**Your goal:** What you return should be the lines from the first line of the records below through the line holding "Answer: Biosafety Protocols", unchanged.

Data shown: Begin

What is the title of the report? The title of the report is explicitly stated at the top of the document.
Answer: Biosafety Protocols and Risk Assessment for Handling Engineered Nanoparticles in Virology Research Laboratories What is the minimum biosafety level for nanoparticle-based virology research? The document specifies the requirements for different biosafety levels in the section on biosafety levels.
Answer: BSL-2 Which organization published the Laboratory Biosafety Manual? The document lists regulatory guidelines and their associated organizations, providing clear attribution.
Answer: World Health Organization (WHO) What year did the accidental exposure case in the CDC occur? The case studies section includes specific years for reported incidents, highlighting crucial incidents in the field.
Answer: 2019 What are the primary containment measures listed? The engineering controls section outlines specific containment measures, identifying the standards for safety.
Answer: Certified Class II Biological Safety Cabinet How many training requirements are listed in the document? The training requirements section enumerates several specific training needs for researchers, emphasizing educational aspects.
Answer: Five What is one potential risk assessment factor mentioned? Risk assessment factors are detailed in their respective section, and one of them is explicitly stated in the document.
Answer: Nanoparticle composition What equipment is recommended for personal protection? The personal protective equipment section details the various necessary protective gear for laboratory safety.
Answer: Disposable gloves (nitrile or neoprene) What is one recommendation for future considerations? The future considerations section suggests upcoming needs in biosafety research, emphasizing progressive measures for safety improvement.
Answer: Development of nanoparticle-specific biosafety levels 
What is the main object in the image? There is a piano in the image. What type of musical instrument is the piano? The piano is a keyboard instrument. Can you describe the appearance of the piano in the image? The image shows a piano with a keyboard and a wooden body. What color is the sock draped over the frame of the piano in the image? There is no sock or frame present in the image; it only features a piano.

Data shown: End

**Expected answer:**
What is the title of the report? The title of the report is explicitly stated at the top of the document.
Answer: Biosafety Protocols and Risk Assessment for Handling Engineered Nanoparticles in Virology Research Laboratories What is the minimum biosafety level for nanoparticle-based virology research? The document specifies the requirements for different biosafety levels in the section on biosafety levels.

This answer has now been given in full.